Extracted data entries
------------------------------------------------------------

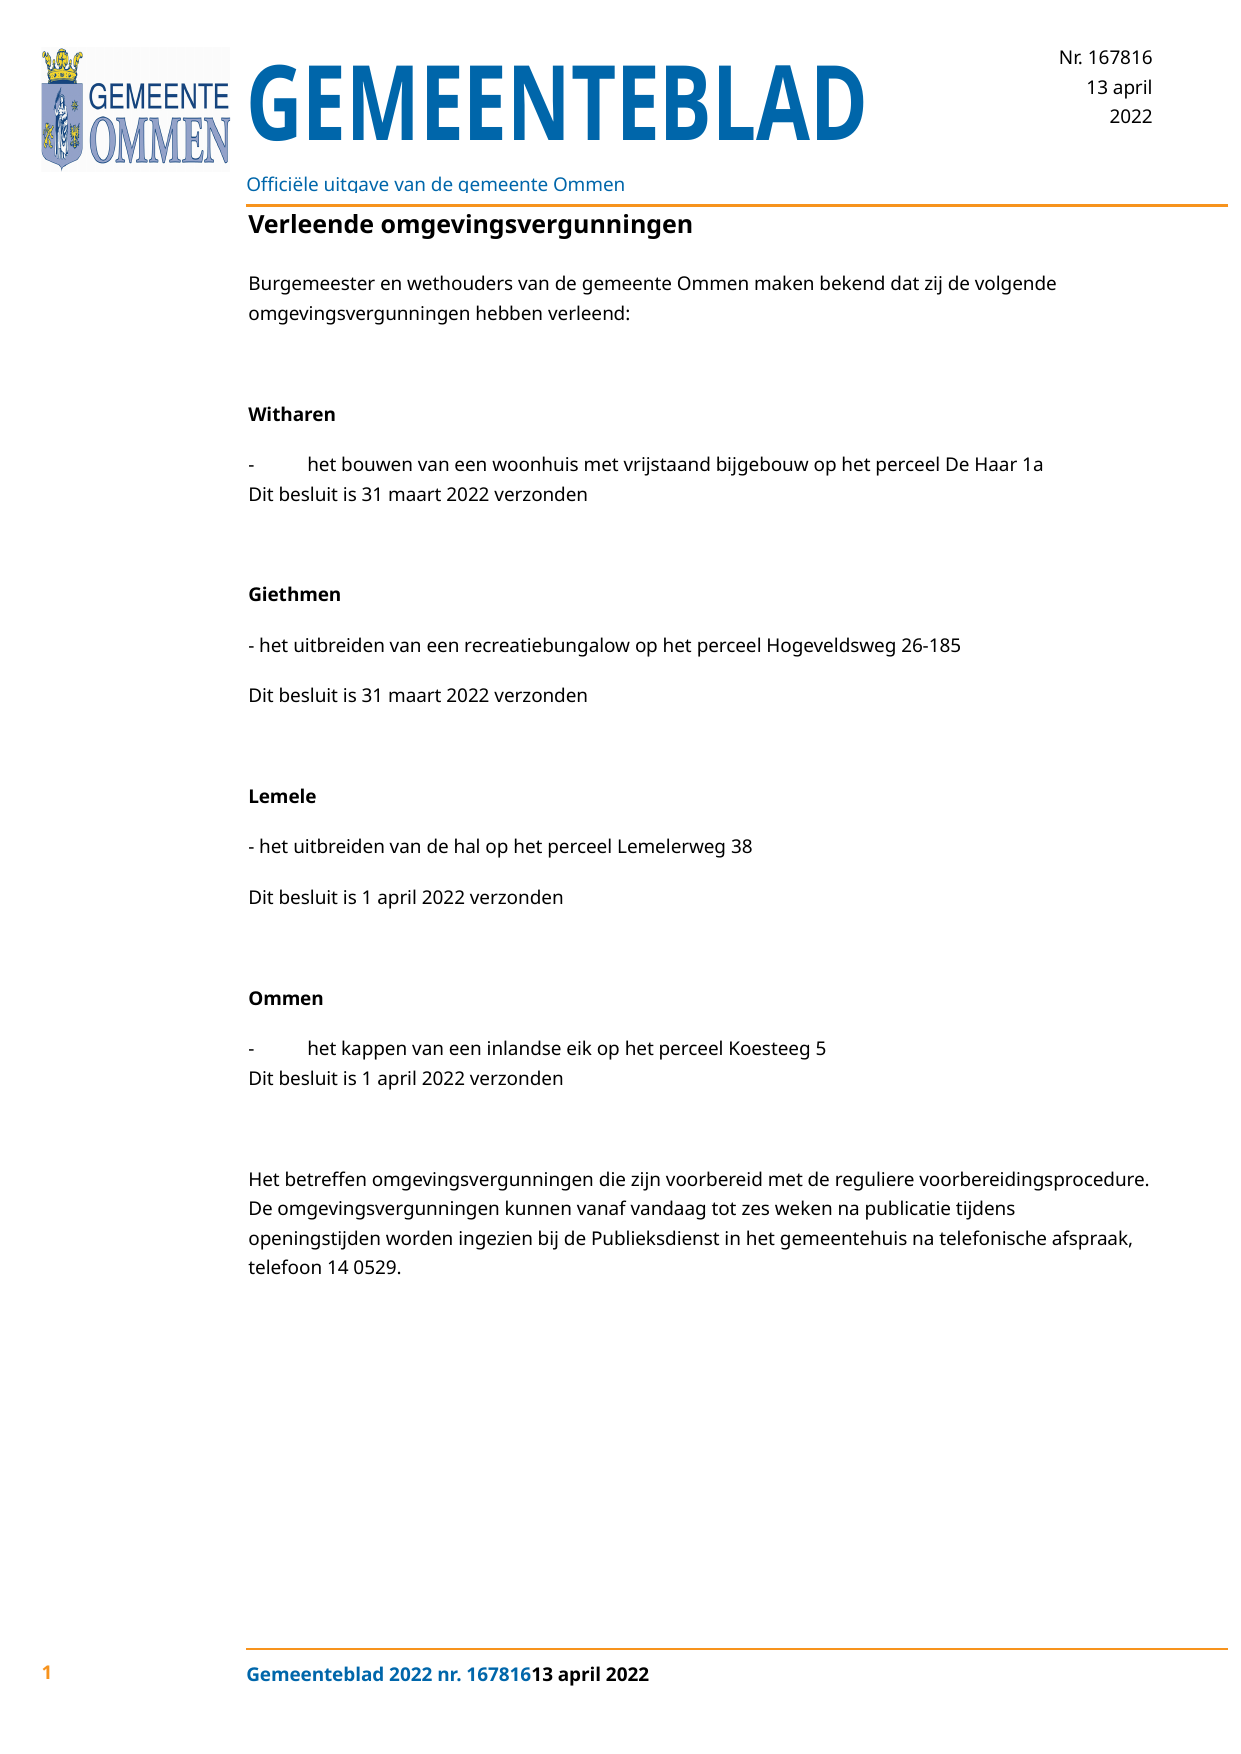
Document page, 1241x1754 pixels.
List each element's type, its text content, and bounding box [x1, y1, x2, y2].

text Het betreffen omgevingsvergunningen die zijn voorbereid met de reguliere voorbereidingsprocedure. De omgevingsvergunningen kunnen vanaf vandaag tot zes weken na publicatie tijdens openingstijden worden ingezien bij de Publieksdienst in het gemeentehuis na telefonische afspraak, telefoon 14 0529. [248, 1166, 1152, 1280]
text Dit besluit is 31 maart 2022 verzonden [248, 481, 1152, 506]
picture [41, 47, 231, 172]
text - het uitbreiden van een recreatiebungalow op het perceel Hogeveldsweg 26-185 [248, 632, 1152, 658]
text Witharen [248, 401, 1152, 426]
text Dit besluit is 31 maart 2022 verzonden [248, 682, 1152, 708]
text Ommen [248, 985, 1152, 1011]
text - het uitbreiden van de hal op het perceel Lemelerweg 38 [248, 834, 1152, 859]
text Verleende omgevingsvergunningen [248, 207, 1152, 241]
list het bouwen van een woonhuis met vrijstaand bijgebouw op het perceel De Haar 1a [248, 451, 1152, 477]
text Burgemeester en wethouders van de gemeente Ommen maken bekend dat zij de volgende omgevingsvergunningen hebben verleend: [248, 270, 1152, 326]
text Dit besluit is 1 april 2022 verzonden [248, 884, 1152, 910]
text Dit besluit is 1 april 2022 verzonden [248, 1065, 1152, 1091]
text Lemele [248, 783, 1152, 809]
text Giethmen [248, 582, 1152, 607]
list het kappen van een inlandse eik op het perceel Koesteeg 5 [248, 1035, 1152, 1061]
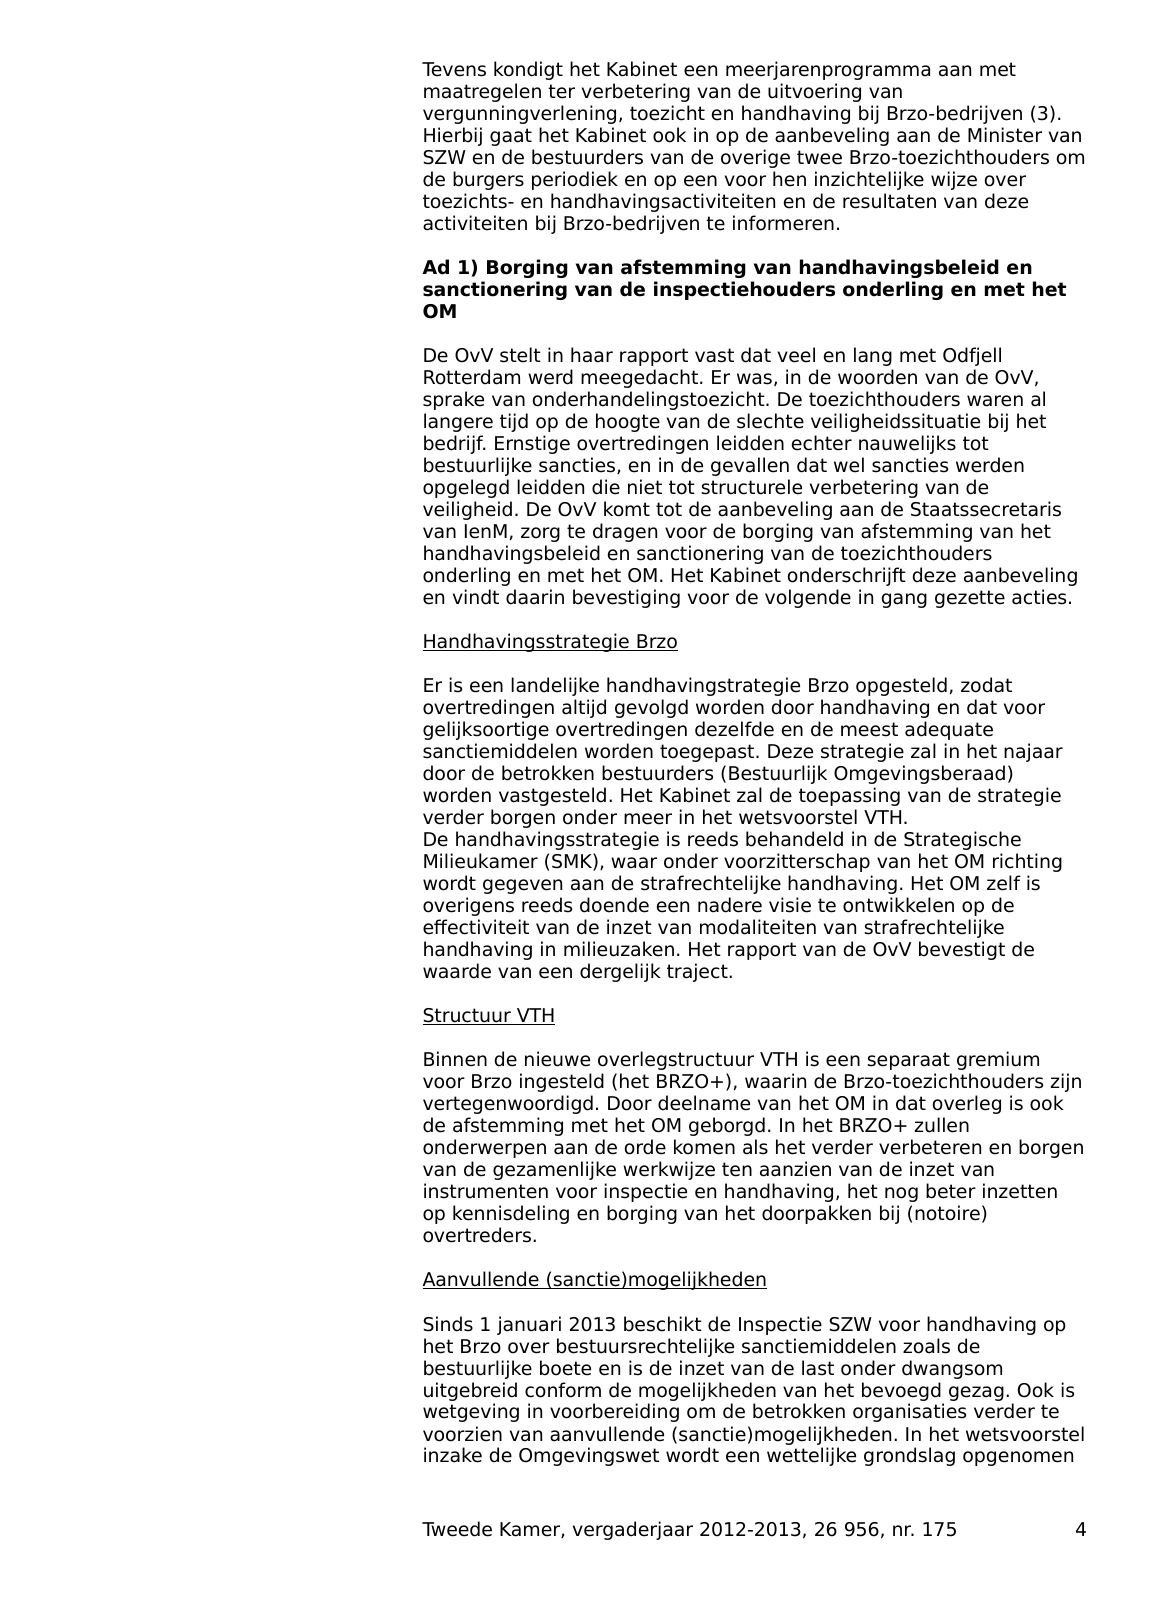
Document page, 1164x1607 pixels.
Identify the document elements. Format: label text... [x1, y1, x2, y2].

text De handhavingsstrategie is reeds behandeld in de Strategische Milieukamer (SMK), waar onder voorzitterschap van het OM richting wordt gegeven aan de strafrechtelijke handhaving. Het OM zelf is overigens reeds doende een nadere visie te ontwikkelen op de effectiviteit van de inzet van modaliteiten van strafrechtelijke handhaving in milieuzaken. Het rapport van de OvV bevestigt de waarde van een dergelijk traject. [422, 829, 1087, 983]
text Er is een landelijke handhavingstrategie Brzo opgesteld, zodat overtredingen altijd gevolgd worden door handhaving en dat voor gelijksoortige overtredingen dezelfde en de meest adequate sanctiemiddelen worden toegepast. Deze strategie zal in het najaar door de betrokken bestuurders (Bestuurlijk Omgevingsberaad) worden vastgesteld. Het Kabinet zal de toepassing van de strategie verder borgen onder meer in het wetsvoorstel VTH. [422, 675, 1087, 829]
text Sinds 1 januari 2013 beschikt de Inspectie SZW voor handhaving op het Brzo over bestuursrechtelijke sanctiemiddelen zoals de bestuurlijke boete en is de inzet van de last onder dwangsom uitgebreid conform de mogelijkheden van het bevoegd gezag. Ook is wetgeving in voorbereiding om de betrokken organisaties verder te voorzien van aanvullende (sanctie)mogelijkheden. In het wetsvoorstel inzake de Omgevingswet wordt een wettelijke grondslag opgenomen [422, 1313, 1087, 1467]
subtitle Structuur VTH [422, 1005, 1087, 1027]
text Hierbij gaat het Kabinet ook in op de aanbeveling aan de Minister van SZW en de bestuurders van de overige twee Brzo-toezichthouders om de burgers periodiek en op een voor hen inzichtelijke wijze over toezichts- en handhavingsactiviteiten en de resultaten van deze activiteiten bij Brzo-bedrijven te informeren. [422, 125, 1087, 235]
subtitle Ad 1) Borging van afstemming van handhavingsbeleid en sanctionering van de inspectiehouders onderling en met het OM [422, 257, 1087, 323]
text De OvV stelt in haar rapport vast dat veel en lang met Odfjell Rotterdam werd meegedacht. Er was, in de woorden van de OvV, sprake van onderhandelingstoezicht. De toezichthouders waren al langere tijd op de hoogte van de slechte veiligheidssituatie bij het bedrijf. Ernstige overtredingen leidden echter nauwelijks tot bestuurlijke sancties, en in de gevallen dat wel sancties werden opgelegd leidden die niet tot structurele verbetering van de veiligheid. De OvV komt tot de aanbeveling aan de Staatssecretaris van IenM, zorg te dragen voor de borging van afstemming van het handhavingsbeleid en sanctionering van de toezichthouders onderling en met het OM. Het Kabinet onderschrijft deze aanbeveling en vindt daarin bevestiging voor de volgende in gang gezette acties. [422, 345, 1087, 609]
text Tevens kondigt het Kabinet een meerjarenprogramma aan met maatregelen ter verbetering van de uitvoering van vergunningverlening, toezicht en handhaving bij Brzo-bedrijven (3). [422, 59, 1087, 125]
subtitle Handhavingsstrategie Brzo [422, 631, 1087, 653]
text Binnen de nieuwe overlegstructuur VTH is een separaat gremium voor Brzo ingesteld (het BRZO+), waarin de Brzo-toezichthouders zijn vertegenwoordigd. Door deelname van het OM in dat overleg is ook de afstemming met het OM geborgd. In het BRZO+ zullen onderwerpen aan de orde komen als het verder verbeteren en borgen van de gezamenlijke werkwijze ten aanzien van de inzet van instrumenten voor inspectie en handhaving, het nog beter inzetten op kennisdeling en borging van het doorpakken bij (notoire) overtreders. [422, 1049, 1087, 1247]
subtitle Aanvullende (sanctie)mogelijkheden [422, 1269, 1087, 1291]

------------------------------------------------------------

__Exercise goal__.
Give every entry back unchanged, with no pictures.

__Written solution__.
Document page, 1241x1754 pixels.
List each element's type, its text content, and bounding box [x1, y1, x2, y2].

text Het betreffen omgevingsvergunningen die zijn voorbereid met de reguliere voorbereidingsprocedure. De omgevingsvergunningen kunnen vanaf vandaag tot zes weken na publicatie tijdens openingstijden worden ingezien bij de Publieksdienst in het gemeentehuis na telefonische afspraak, telefoon 14 0529. [248, 1166, 1152, 1280]
text Dit besluit is 31 maart 2022 verzonden [248, 481, 1152, 506]
picture [41, 47, 231, 172]
text - het uitbreiden van een recreatiebungalow op het perceel Hogeveldsweg 26-185 [248, 632, 1152, 658]
text Witharen [248, 401, 1152, 426]
text Dit besluit is 31 maart 2022 verzonden [248, 682, 1152, 708]
text Ommen [248, 985, 1152, 1011]
text - het uitbreiden van de hal op het perceel Lemelerweg 38 [248, 834, 1152, 859]
text Verleende omgevingsvergunningen [248, 207, 1152, 241]
list het bouwen van een woonhuis met vrijstaand bijgebouw op het perceel De Haar 1a [248, 451, 1152, 477]
text Burgemeester en wethouders van de gemeente Ommen maken bekend dat zij de volgende omgevingsvergunningen hebben verleend: [248, 270, 1152, 326]
text Dit besluit is 1 april 2022 verzonden [248, 884, 1152, 910]
text Dit besluit is 1 april 2022 verzonden [248, 1065, 1152, 1091]
text Lemele [248, 783, 1152, 809]
text Giethmen [248, 582, 1152, 607]
list het kappen van een inlandse eik op het perceel Koesteeg 5 [248, 1035, 1152, 1061]
Document page, 1164x1607 pixels.
Identify the document elements. Format: label text... [x1, y1, x2, y2].

text De handhavingsstrategie is reeds behandeld in de Strategische Milieukamer (SMK), waar onder voorzitterschap van het OM richting wordt gegeven aan de strafrechtelijke handhaving. Het OM zelf is overigens reeds doende een nadere visie te ontwikkelen op de effectiviteit van de inzet van modaliteiten van strafrechtelijke handhaving in milieuzaken. Het rapport van de OvV bevestigt de waarde van een dergelijk traject. [422, 829, 1087, 983]
text Er is een landelijke handhavingstrategie Brzo opgesteld, zodat overtredingen altijd gevolgd worden door handhaving en dat voor gelijksoortige overtredingen dezelfde en de meest adequate sanctiemiddelen worden toegepast. Deze strategie zal in het najaar door de betrokken bestuurders (Bestuurlijk Omgevingsberaad) worden vastgesteld. Het Kabinet zal de toepassing van de strategie verder borgen onder meer in het wetsvoorstel VTH. [422, 675, 1087, 829]
text Sinds 1 januari 2013 beschikt de Inspectie SZW voor handhaving op het Brzo over bestuursrechtelijke sanctiemiddelen zoals de bestuurlijke boete en is de inzet van de last onder dwangsom uitgebreid conform de mogelijkheden van het bevoegd gezag. Ook is wetgeving in voorbereiding om de betrokken organisaties verder te voorzien van aanvullende (sanctie)mogelijkheden. In het wetsvoorstel inzake de Omgevingswet wordt een wettelijke grondslag opgenomen [422, 1313, 1087, 1467]
subtitle Structuur VTH [422, 1005, 1087, 1027]
text Hierbij gaat het Kabinet ook in op de aanbeveling aan de Minister van SZW en de bestuurders van de overige twee Brzo-toezichthouders om de burgers periodiek en op een voor hen inzichtelijke wijze over toezichts- en handhavingsactiviteiten en de resultaten van deze activiteiten bij Brzo-bedrijven te informeren. [422, 125, 1087, 235]
subtitle Ad 1) Borging van afstemming van handhavingsbeleid en sanctionering van de inspectiehouders onderling en met het OM [422, 257, 1087, 323]
text De OvV stelt in haar rapport vast dat veel en lang met Odfjell Rotterdam werd meegedacht. Er was, in de woorden van de OvV, sprake van onderhandelingstoezicht. De toezichthouders waren al langere tijd op de hoogte van de slechte veiligheidssituatie bij het bedrijf. Ernstige overtredingen leidden echter nauwelijks tot bestuurlijke sancties, en in de gevallen dat wel sancties werden opgelegd leidden die niet tot structurele verbetering van de veiligheid. De OvV komt tot de aanbeveling aan de Staatssecretaris van IenM, zorg te dragen voor de borging van afstemming van het handhavingsbeleid en sanctionering van de toezichthouders onderling en met het OM. Het Kabinet onderschrijft deze aanbeveling en vindt daarin bevestiging voor de volgende in gang gezette acties. [422, 345, 1087, 609]
text Tevens kondigt het Kabinet een meerjarenprogramma aan met maatregelen ter verbetering van de uitvoering van vergunningverlening, toezicht en handhaving bij Brzo-bedrijven (3). [422, 59, 1087, 125]
subtitle Handhavingsstrategie Brzo [422, 631, 1087, 653]
text Binnen de nieuwe overlegstructuur VTH is een separaat gremium voor Brzo ingesteld (het BRZO+), waarin de Brzo-toezichthouders zijn vertegenwoordigd. Door deelname van het OM in dat overleg is ook de afstemming met het OM geborgd. In het BRZO+ zullen onderwerpen aan de orde komen als het verder verbeteren en borgen van de gezamenlijke werkwijze ten aanzien van de inzet van instrumenten voor inspectie en handhaving, het nog beter inzetten op kennisdeling en borging van het doorpakken bij (notoire) overtreders. [422, 1049, 1087, 1247]
subtitle Aanvullende (sanctie)mogelijkheden [422, 1269, 1087, 1291]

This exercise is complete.